Leaving out the images, transcribe every record below exactly.

* Collected data:
——————————
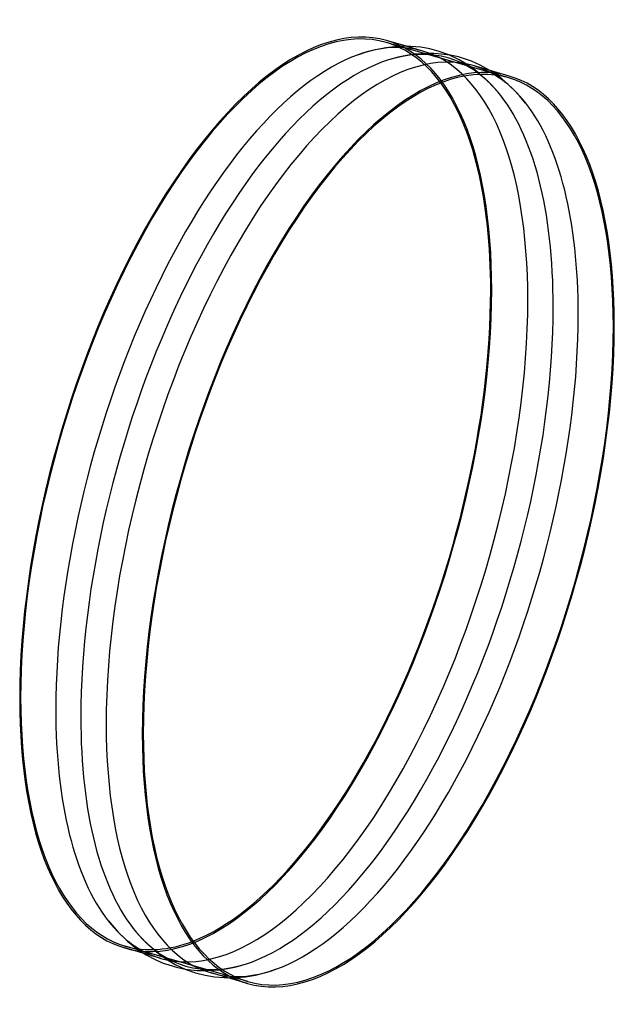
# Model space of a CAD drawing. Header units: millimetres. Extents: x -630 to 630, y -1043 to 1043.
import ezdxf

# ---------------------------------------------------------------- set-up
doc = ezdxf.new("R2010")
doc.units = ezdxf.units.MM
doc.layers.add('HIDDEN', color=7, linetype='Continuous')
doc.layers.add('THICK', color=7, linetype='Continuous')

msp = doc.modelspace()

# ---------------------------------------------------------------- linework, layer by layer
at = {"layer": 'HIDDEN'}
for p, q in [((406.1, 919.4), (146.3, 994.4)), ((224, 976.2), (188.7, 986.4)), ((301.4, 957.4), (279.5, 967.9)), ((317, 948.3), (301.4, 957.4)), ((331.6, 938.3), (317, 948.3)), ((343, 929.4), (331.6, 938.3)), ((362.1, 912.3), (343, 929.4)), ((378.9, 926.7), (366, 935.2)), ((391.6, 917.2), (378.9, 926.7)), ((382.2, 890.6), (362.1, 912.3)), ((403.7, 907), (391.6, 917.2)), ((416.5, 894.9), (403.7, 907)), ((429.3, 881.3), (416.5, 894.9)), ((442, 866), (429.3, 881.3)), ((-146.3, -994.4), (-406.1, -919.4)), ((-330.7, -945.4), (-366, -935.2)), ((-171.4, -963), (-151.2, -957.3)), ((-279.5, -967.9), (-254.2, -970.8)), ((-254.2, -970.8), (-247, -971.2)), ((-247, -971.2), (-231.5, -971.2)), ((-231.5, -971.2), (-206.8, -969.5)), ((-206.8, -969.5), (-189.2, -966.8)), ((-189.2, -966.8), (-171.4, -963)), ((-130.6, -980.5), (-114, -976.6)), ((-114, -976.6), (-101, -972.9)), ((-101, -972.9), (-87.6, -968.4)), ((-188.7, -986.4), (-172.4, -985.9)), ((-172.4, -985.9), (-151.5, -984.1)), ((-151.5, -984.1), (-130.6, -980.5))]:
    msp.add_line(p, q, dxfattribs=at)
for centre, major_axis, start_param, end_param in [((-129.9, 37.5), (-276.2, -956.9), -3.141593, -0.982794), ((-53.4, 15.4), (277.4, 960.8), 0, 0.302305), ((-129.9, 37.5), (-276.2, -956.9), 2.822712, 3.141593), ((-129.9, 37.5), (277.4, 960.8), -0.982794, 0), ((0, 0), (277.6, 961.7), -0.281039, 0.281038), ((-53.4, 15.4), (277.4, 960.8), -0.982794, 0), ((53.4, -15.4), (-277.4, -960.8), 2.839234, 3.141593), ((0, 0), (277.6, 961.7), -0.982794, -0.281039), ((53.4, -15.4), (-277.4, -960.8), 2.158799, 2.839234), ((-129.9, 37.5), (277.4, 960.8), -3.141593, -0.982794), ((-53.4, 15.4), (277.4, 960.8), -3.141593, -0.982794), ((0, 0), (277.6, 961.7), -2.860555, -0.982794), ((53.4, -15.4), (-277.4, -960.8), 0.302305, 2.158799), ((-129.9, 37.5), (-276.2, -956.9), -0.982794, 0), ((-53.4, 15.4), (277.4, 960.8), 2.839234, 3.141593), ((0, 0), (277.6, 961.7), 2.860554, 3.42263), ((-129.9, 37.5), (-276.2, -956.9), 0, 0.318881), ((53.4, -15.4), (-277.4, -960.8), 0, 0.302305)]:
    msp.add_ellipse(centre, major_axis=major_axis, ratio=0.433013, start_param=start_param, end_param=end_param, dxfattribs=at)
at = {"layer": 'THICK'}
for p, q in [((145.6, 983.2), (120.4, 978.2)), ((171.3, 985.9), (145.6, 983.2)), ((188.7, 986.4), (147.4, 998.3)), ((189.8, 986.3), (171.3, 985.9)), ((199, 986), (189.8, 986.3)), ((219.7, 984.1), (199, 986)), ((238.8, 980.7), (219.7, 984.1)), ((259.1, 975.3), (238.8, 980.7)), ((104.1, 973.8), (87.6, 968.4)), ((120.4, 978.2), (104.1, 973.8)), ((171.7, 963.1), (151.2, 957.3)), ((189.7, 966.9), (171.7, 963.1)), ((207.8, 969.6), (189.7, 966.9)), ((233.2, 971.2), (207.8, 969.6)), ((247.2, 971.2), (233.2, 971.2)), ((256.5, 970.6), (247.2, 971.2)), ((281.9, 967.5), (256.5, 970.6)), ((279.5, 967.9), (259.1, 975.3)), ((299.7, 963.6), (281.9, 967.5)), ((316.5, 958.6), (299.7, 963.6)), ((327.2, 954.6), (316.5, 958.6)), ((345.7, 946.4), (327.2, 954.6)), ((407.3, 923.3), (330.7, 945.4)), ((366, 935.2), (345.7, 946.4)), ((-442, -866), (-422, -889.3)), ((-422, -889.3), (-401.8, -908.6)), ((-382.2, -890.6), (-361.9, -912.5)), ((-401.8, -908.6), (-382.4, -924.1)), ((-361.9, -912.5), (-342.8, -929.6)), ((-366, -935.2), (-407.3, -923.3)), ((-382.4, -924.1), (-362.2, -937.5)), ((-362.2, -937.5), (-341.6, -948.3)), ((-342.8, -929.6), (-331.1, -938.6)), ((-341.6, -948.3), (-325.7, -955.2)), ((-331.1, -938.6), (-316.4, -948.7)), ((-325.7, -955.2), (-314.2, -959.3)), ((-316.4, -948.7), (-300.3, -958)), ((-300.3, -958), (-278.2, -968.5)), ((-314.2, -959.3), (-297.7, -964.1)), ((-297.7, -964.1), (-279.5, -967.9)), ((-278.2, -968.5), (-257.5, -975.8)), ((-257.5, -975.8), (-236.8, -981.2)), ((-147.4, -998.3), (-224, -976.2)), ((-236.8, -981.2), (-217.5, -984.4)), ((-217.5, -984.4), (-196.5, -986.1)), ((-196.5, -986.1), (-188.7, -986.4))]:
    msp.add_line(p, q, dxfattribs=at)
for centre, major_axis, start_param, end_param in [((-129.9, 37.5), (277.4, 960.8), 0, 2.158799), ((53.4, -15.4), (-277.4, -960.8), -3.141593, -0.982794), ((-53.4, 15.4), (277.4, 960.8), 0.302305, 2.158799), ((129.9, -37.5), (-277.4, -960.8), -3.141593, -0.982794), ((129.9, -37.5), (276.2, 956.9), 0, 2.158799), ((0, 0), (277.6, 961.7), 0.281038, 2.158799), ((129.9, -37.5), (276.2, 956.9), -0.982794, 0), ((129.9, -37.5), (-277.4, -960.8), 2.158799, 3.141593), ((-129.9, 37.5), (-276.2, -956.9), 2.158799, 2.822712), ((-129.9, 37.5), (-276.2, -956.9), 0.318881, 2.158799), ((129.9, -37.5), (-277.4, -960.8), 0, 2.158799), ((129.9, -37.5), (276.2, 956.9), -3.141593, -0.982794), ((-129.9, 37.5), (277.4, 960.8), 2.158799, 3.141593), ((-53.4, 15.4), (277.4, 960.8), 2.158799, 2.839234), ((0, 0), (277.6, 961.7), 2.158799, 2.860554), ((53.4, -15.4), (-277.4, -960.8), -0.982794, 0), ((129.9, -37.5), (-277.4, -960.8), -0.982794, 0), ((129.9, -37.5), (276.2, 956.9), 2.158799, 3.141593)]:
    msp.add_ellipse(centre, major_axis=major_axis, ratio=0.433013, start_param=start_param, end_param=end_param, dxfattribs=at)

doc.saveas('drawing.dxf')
——————————
* Task solution:
# Model space of a CAD drawing. Header units: millimetres. Extents: x -630 to 630, y -1043 to 1043.
import ezdxf

# ---------------------------------------------------------------- set-up
doc = ezdxf.new("R2010")
doc.units = ezdxf.units.MM
doc.layers.add('HIDDEN', color=7, linetype='Continuous')
doc.layers.add('THICK', color=7, linetype='Continuous')

msp = doc.modelspace()

# ---------------------------------------------------------------- linework, layer by layer
at = {"layer": 'HIDDEN'}
for p, q in [((406.1, 919.4), (146.3, 994.4)), ((224, 976.2), (188.7, 986.4)), ((301.4, 957.4), (279.5, 967.9)), ((317, 948.3), (301.4, 957.4)), ((331.6, 938.3), (317, 948.3)), ((343, 929.4), (331.6, 938.3)), ((362.1, 912.3), (343, 929.4)), ((378.9, 926.7), (366, 935.2)), ((391.6, 917.2), (378.9, 926.7)), ((382.2, 890.6), (362.1, 912.3)), ((403.7, 907), (391.6, 917.2)), ((416.5, 894.9), (403.7, 907)), ((429.3, 881.3), (416.5, 894.9)), ((442, 866), (429.3, 881.3)), ((-146.3, -994.4), (-406.1, -919.4)), ((-330.7, -945.4), (-366, -935.2)), ((-171.4, -963), (-151.2, -957.3)), ((-279.5, -967.9), (-254.2, -970.8)), ((-254.2, -970.8), (-247, -971.2)), ((-247, -971.2), (-231.5, -971.2)), ((-231.5, -971.2), (-206.8, -969.5)), ((-206.8, -969.5), (-189.2, -966.8)), ((-189.2, -966.8), (-171.4, -963)), ((-130.6, -980.5), (-114, -976.6)), ((-114, -976.6), (-101, -972.9)), ((-101, -972.9), (-87.6, -968.4)), ((-188.7, -986.4), (-172.4, -985.9)), ((-172.4, -985.9), (-151.5, -984.1)), ((-151.5, -984.1), (-130.6, -980.5))]:
    msp.add_line(p, q, dxfattribs=at)
for centre, major_axis, start_param, end_param in [((-129.9, 37.5), (-276.2, -956.9), -3.141593, -0.982794), ((-53.4, 15.4), (277.4, 960.8), 0, 0.302305), ((-129.9, 37.5), (-276.2, -956.9), 2.822712, 3.141593), ((-129.9, 37.5), (277.4, 960.8), -0.982794, 0), ((0, 0), (277.6, 961.7), -0.281039, 0.281038), ((-53.4, 15.4), (277.4, 960.8), -0.982794, 0), ((53.4, -15.4), (-277.4, -960.8), 2.839234, 3.141593), ((0, 0), (277.6, 961.7), -0.982794, -0.281039), ((53.4, -15.4), (-277.4, -960.8), 2.158799, 2.839234), ((-129.9, 37.5), (277.4, 960.8), -3.141593, -0.982794), ((-53.4, 15.4), (277.4, 960.8), -3.141593, -0.982794), ((0, 0), (277.6, 961.7), -2.860555, -0.982794), ((53.4, -15.4), (-277.4, -960.8), 0.302305, 2.158799), ((-129.9, 37.5), (-276.2, -956.9), -0.982794, 0), ((-53.4, 15.4), (277.4, 960.8), 2.839234, 3.141593), ((0, 0), (277.6, 961.7), 2.860554, 3.42263), ((-129.9, 37.5), (-276.2, -956.9), 0, 0.318881), ((53.4, -15.4), (-277.4, -960.8), 0, 0.302305)]:
    msp.add_ellipse(centre, major_axis=major_axis, ratio=0.433013, start_param=start_param, end_param=end_param, dxfattribs=at)
at = {"layer": 'THICK'}
for p, q in [((145.6, 983.2), (120.4, 978.2)), ((171.3, 985.9), (145.6, 983.2)), ((188.7, 986.4), (147.4, 998.3)), ((189.8, 986.3), (171.3, 985.9)), ((199, 986), (189.8, 986.3)), ((219.7, 984.1), (199, 986)), ((238.8, 980.7), (219.7, 984.1)), ((259.1, 975.3), (238.8, 980.7)), ((104.1, 973.8), (87.6, 968.4)), ((120.4, 978.2), (104.1, 973.8)), ((171.7, 963.1), (151.2, 957.3)), ((189.7, 966.9), (171.7, 963.1)), ((207.8, 969.6), (189.7, 966.9)), ((233.2, 971.2), (207.8, 969.6)), ((247.2, 971.2), (233.2, 971.2)), ((256.5, 970.6), (247.2, 971.2)), ((281.9, 967.5), (256.5, 970.6)), ((279.5, 967.9), (259.1, 975.3)), ((299.7, 963.6), (281.9, 967.5)), ((316.5, 958.6), (299.7, 963.6)), ((327.2, 954.6), (316.5, 958.6)), ((345.7, 946.4), (327.2, 954.6)), ((407.3, 923.3), (330.7, 945.4)), ((366, 935.2), (345.7, 946.4)), ((-442, -866), (-422, -889.3)), ((-422, -889.3), (-401.8, -908.6)), ((-382.2, -890.6), (-361.9, -912.5)), ((-401.8, -908.6), (-382.4, -924.1)), ((-361.9, -912.5), (-342.8, -929.6)), ((-366, -935.2), (-407.3, -923.3)), ((-382.4, -924.1), (-362.2, -937.5)), ((-362.2, -937.5), (-341.6, -948.3)), ((-342.8, -929.6), (-331.1, -938.6)), ((-341.6, -948.3), (-325.7, -955.2)), ((-331.1, -938.6), (-316.4, -948.7)), ((-325.7, -955.2), (-314.2, -959.3)), ((-316.4, -948.7), (-300.3, -958)), ((-300.3, -958), (-278.2, -968.5)), ((-314.2, -959.3), (-297.7, -964.1)), ((-297.7, -964.1), (-279.5, -967.9)), ((-278.2, -968.5), (-257.5, -975.8)), ((-257.5, -975.8), (-236.8, -981.2)), ((-147.4, -998.3), (-224, -976.2)), ((-236.8, -981.2), (-217.5, -984.4)), ((-217.5, -984.4), (-196.5, -986.1)), ((-196.5, -986.1), (-188.7, -986.4))]:
    msp.add_line(p, q, dxfattribs=at)
for centre, major_axis, start_param, end_param in [((-129.9, 37.5), (277.4, 960.8), 0, 2.158799), ((53.4, -15.4), (-277.4, -960.8), -3.141593, -0.982794), ((-53.4, 15.4), (277.4, 960.8), 0.302305, 2.158799), ((129.9, -37.5), (-277.4, -960.8), -3.141593, -0.982794), ((129.9, -37.5), (276.2, 956.9), 0, 2.158799), ((0, 0), (277.6, 961.7), 0.281038, 2.158799), ((129.9, -37.5), (276.2, 956.9), -0.982794, 0), ((129.9, -37.5), (-277.4, -960.8), 2.158799, 3.141593), ((-129.9, 37.5), (-276.2, -956.9), 2.158799, 2.822712), ((-129.9, 37.5), (-276.2, -956.9), 0.318881, 2.158799), ((129.9, -37.5), (-277.4, -960.8), 0, 2.158799), ((129.9, -37.5), (276.2, 956.9), -3.141593, -0.982794), ((-129.9, 37.5), (277.4, 960.8), 2.158799, 3.141593), ((-53.4, 15.4), (277.4, 960.8), 2.158799, 2.839234), ((0, 0), (277.6, 961.7), 2.158799, 2.860554), ((53.4, -15.4), (-277.4, -960.8), -0.982794, 0), ((129.9, -37.5), (-277.4, -960.8), -0.982794, 0), ((129.9, -37.5), (276.2, 956.9), 2.158799, 3.141593)]:
    msp.add_ellipse(centre, major_axis=major_axis, ratio=0.433013, start_param=start_param, end_param=end_param, dxfattribs=at)

doc.saveas('drawing.dxf')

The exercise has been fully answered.